Brad Mehldau Highway Rider Review

Released 2010.  

BBC Review

The pianist’s latest is a concept album with an odyssey-like subtext.

Kevin Le Gendre 2010

Such is the cult of the soloist in contemporary jazz that other elements of the creative equation are often overlooked. One is the sideman; the other is the producer. In the case of Highway Rider, the input of Jon Brion, in the latter role, is crucial insofar as he has made this latest release by Mehladu, the pianist greatly lauded by the critical establishment in the last 15 years, a work that stretches the artist’s conceptual scope without stifling his essence.

This is largely recognisable as a ‘Brad’ record for the customarily tremulous, at times wry stance at the keyboard.

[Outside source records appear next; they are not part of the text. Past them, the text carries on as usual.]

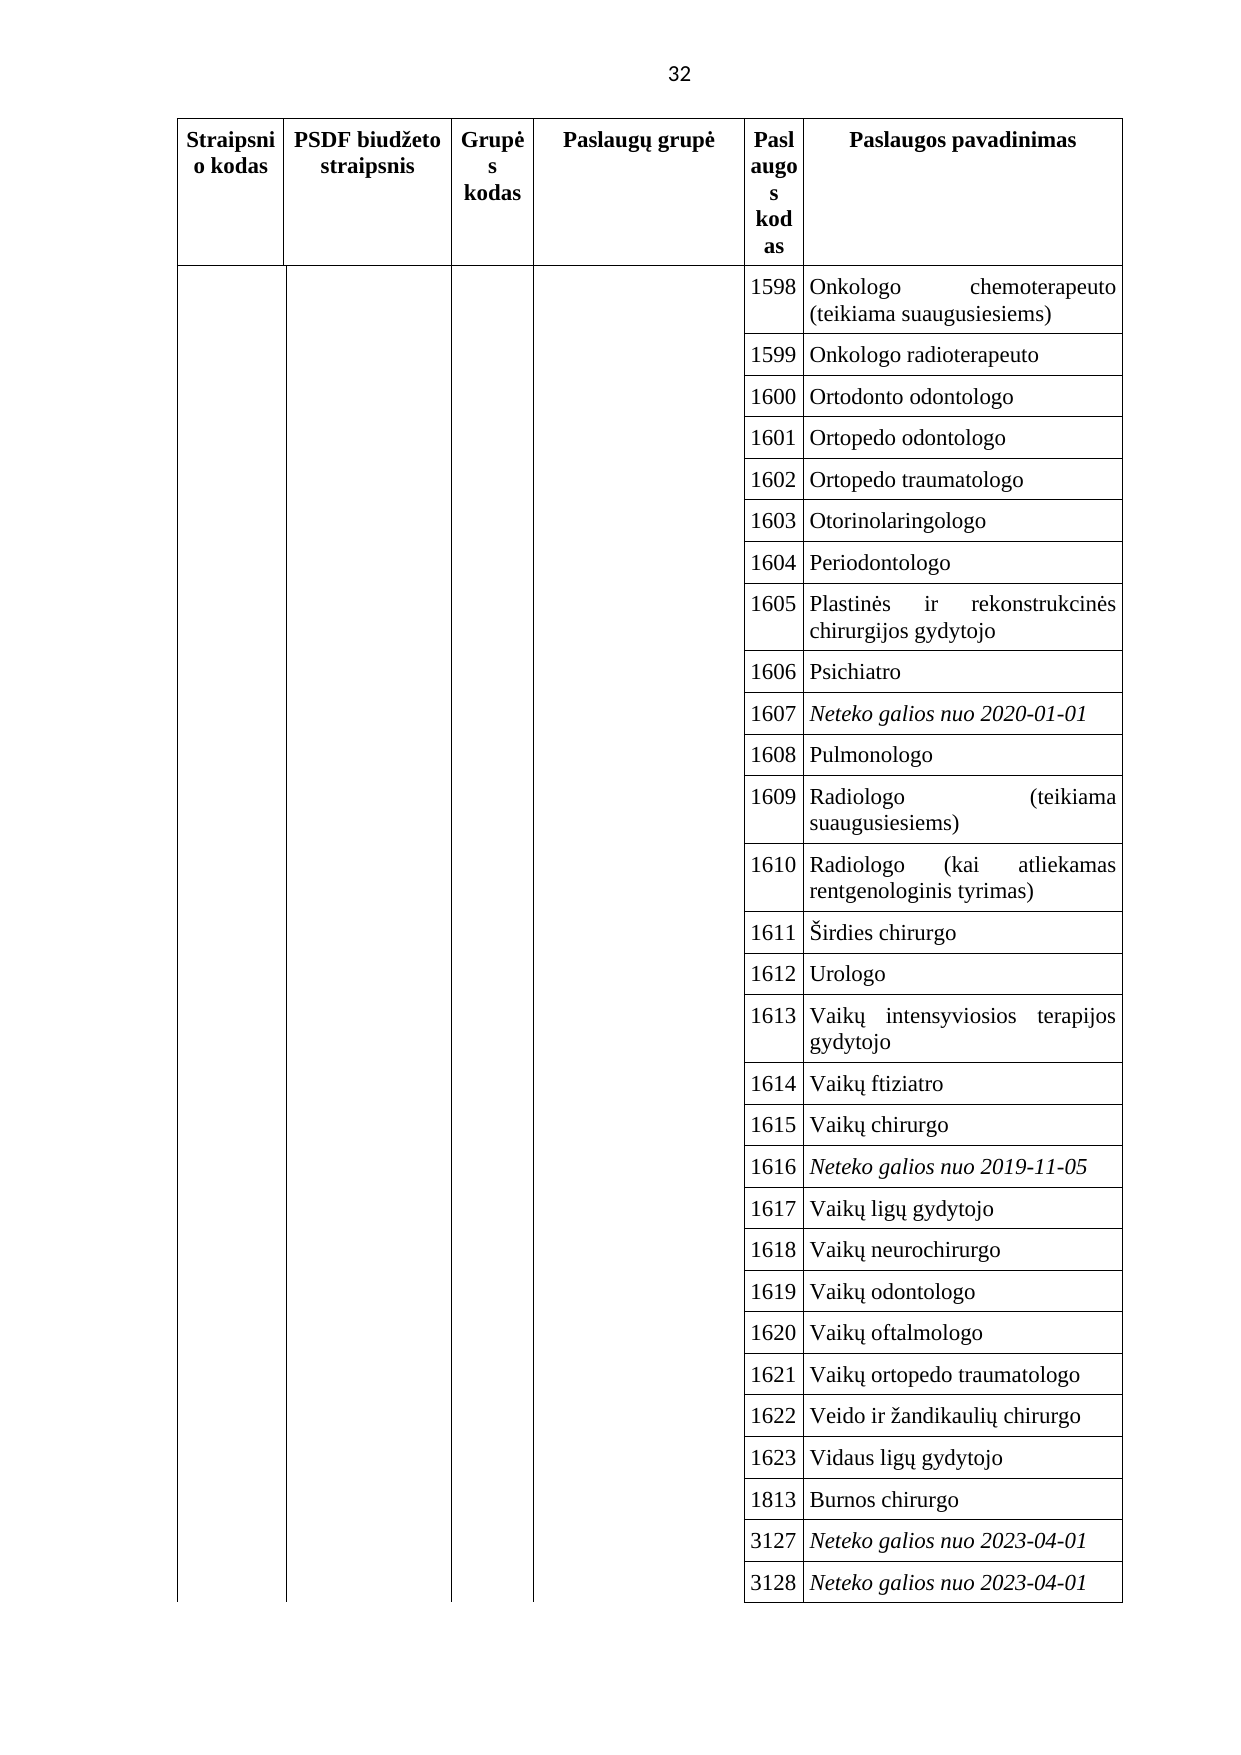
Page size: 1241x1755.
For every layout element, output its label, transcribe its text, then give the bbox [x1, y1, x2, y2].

table_cell Neteko galios nuo 2023-04-01 [804, 1520, 1122, 1561]
table_cell Vidaus ligų gydytojo [804, 1437, 1122, 1477]
table_header Paslaugos pavadinimas [804, 119, 1122, 265]
table_cell 1598 [745, 266, 803, 333]
table_cell [287, 1187, 451, 1228]
table_cell 1608 [745, 735, 803, 775]
table_cell Onkologo chemoterapeuto (teikiama suaugusiesiems) [804, 266, 1122, 333]
table_cell Ortopedo traumatologo [804, 459, 1122, 499]
table_cell [452, 911, 533, 952]
table_cell 1813 [745, 1479, 803, 1519]
table_cell [534, 650, 744, 692]
table_cell [178, 1187, 286, 1228]
table_cell [178, 458, 286, 499]
table_cell [452, 1311, 533, 1353]
table_cell [287, 1228, 451, 1270]
table_cell [534, 1145, 744, 1187]
table_cell [452, 1353, 533, 1394]
table_cell [178, 775, 286, 843]
table_cell [534, 1270, 744, 1311]
table_cell [534, 333, 744, 374]
table_cell [534, 994, 744, 1062]
table_header Straipsnio kodas [178, 119, 283, 265]
table_cell 1614 [745, 1063, 803, 1103]
table_cell [178, 734, 286, 775]
table_cell Širdies chirurgo [804, 912, 1122, 952]
table_cell [287, 1062, 451, 1103]
table_cell [287, 1561, 451, 1602]
table_cell [178, 1436, 286, 1477]
table_header Grupės kodas [452, 119, 533, 265]
table_cell [534, 583, 744, 650]
table_cell [287, 994, 451, 1062]
table_cell [178, 375, 286, 416]
table_cell [287, 266, 451, 333]
table_cell [452, 333, 533, 374]
table_cell [452, 1062, 533, 1103]
table_cell Ortodonto odontologo [804, 376, 1122, 416]
table_cell Neteko galios nuo 2023-04-01 [804, 1562, 1122, 1602]
table_cell Veido ir žandikaulių chirurgo [804, 1395, 1122, 1436]
table_cell [534, 266, 744, 333]
table_cell [452, 1519, 533, 1561]
table_cell [534, 1478, 744, 1519]
table_cell [287, 583, 451, 650]
table_cell [178, 911, 286, 952]
table_cell Neteko galios nuo 2020-01-01 [804, 693, 1122, 733]
table_cell Vaikų intensyviosios terapijos gydytojo [804, 995, 1122, 1062]
table_cell Periodontologo [804, 542, 1122, 582]
table_cell 3127 [745, 1520, 803, 1561]
table_cell [178, 1062, 286, 1103]
table_cell [452, 266, 533, 333]
table_cell Radiologo (kai atliekamas rentgenologinis tyrimas) [804, 844, 1122, 911]
table_cell [534, 953, 744, 994]
table_cell [178, 1145, 286, 1187]
table_cell [534, 1311, 744, 1353]
table_cell [452, 1187, 533, 1228]
table_cell [534, 775, 744, 843]
table_cell [452, 1394, 533, 1436]
table_cell [178, 266, 286, 333]
table_cell [452, 375, 533, 416]
table_cell [534, 1436, 744, 1477]
table_cell 1616 [745, 1146, 803, 1187]
table_cell [287, 734, 451, 775]
table_cell 1612 [745, 954, 803, 994]
table_cell [452, 1478, 533, 1519]
table_cell [178, 1270, 286, 1311]
table_cell [178, 953, 286, 994]
table_cell 1600 [745, 376, 803, 416]
table_cell [534, 1561, 744, 1602]
table_cell [178, 1394, 286, 1436]
table_cell [287, 692, 451, 733]
table_cell [534, 734, 744, 775]
table_cell [452, 775, 533, 843]
table_cell 1601 [745, 417, 803, 458]
table_cell 3128 [745, 1562, 803, 1602]
table_cell 1607 [745, 693, 803, 733]
table_cell [452, 1145, 533, 1187]
table_cell Vaikų neurochirurgo [804, 1229, 1122, 1270]
table_cell [534, 843, 744, 911]
table_cell Burnos chirurgo [804, 1479, 1122, 1519]
table_cell [452, 843, 533, 911]
table_cell [534, 541, 744, 582]
table_cell 1606 [745, 651, 803, 692]
table_cell [534, 692, 744, 733]
table_cell 1611 [745, 912, 803, 952]
table_cell [534, 499, 744, 541]
table_cell Vaikų ligų gydytojo [804, 1188, 1122, 1228]
table_cell [178, 1228, 286, 1270]
table_cell [452, 650, 533, 692]
table_cell [287, 499, 451, 541]
table_cell [287, 375, 451, 416]
table_cell [178, 499, 286, 541]
table_cell [452, 458, 533, 499]
table_cell [452, 994, 533, 1062]
table_cell [534, 1394, 744, 1436]
table_cell [534, 1187, 744, 1228]
table_cell [452, 734, 533, 775]
table_cell [452, 692, 533, 733]
table_cell [287, 1353, 451, 1394]
table_cell Vaikų ortopedo traumatologo [804, 1354, 1122, 1394]
table_cell Ortopedo odontologo [804, 417, 1122, 458]
table_cell Urologo [804, 954, 1122, 994]
table_cell [452, 1104, 533, 1145]
table_cell [534, 1104, 744, 1145]
table_cell [287, 1104, 451, 1145]
table_cell 1613 [745, 995, 803, 1062]
table_cell [452, 541, 533, 582]
table_cell 1603 [745, 500, 803, 541]
table_cell [287, 333, 451, 374]
table_cell Pulmonologo [804, 735, 1122, 775]
table_cell Plastinės ir rekonstrukcinės chirurgijos gydytojo [804, 584, 1122, 650]
table_cell [178, 994, 286, 1062]
table_cell 1610 [745, 844, 803, 911]
table_cell [287, 1478, 451, 1519]
table_header PSDF biudžeto straipsnis [284, 119, 451, 265]
table_cell [287, 1145, 451, 1187]
table_cell [452, 1270, 533, 1311]
table_cell 1617 [745, 1188, 803, 1228]
table_cell 1622 [745, 1395, 803, 1436]
table_cell [534, 375, 744, 416]
table_cell Psichiatro [804, 651, 1122, 692]
table_cell 1604 [745, 542, 803, 582]
table_cell 1602 [745, 459, 803, 499]
table_cell Vaikų odontologo [804, 1271, 1122, 1311]
table_cell Onkologo radioterapeuto [804, 334, 1122, 374]
table_cell [534, 1519, 744, 1561]
table_cell [178, 650, 286, 692]
table_cell [287, 458, 451, 499]
table_cell [178, 1311, 286, 1353]
table_cell [287, 416, 451, 458]
table_cell [452, 583, 533, 650]
table_cell 1621 [745, 1354, 803, 1394]
table_cell [178, 843, 286, 911]
table_cell [452, 953, 533, 994]
table_cell 1619 [745, 1271, 803, 1311]
table_cell 1615 [745, 1105, 803, 1145]
table_cell [178, 541, 286, 582]
table_cell [287, 1436, 451, 1477]
table_cell 1620 [745, 1312, 803, 1353]
table_cell 1599 [745, 334, 803, 374]
table_cell 1609 [745, 776, 803, 843]
table_cell [178, 1561, 286, 1602]
table_cell [178, 583, 286, 650]
table_cell Radiologo (teikiama suaugusiesiems) [804, 776, 1122, 843]
table_cell [287, 1270, 451, 1311]
table_cell [178, 1519, 286, 1561]
table_cell [534, 1353, 744, 1394]
table_cell 1618 [745, 1229, 803, 1270]
table_cell [287, 650, 451, 692]
table_cell [178, 333, 286, 374]
table_cell [178, 1104, 286, 1145]
table_cell [287, 1311, 451, 1353]
table_cell Vaikų chirurgo [804, 1105, 1122, 1145]
table_cell [287, 911, 451, 952]
table_cell [287, 1394, 451, 1436]
table_cell [287, 1519, 451, 1561]
table_cell [287, 843, 451, 911]
table_cell [534, 1228, 744, 1270]
table_cell [178, 416, 286, 458]
table_cell [452, 1228, 533, 1270]
table_cell Neteko galios nuo 2019-11-05 [804, 1146, 1122, 1187]
table_cell [534, 911, 744, 952]
table_cell [534, 1062, 744, 1103]
table_header Paslaugos kodas [745, 119, 803, 265]
table_cell Otorinolaringologo [804, 500, 1122, 541]
table_cell [178, 692, 286, 733]
table_header Paslaugų grupė [534, 119, 744, 265]
table_cell Vaikų oftalmologo [804, 1312, 1122, 1353]
table_cell 1623 [745, 1437, 803, 1477]
table_cell [534, 416, 744, 458]
table_cell Vaikų ftiziatro [804, 1063, 1122, 1103]
table_cell [287, 775, 451, 843]
table_cell [452, 1436, 533, 1477]
table_cell 1605 [745, 584, 803, 650]
table_cell [452, 499, 533, 541]
table_cell [178, 1353, 286, 1394]
table_cell [452, 416, 533, 458]
table_cell [287, 953, 451, 994]
table_cell [287, 541, 451, 582]
table_cell [534, 458, 744, 499]
table_cell [452, 1561, 533, 1602]
table_cell [178, 1478, 286, 1519]

But its expansive palette of lush orchestral textures and subtle nuances of dance music, mostly a shadowy 4hero-style drum’n’bass, bespeaks a bigger conversation with Brion on how to reach beyond jazz parameters while avoiding any obtuse forays into ‘fusion’. This is something the pair first did quite enticingly on 2002’s Largo. Spread over two discs, this new work is possibly Mehldau’s epic or saga-like statement, something appropriate for this middle stage of his career, and the appearance of the orchestra on every couple of tracks to augment Mehldau’s trio – bassist Larry Grenadier and drummer Jeff Ballard are joined by another drummer, Matt Chamberlain and tenor/soprano saxophonist Joshua Redman – is a rich bonding agent among the assemblage of sonic building materials.

The use of the brooding, muted tonalities of French horn or bassoon among the evanescent strings provides smart support to the band, and occasionally the slurred motifs evoke an eerie bandoneon in a very haunted tango. In fact, there is a considerable melancholy, almost like a dark cloud that constantly threatens to break, floating over the whole set and the icier, stark harmonies of some of the strings vaguely evoke Ramsey Lewis’s 60s work with Charles Stepney.

Then again, Highway Rider is a concept album with an odyssey-like subtext. It is not a ‘chops’ fest where the solo is the song, but a work where the song is the song. Good producers are vital to this kind of endeavour, so credit where it’s due.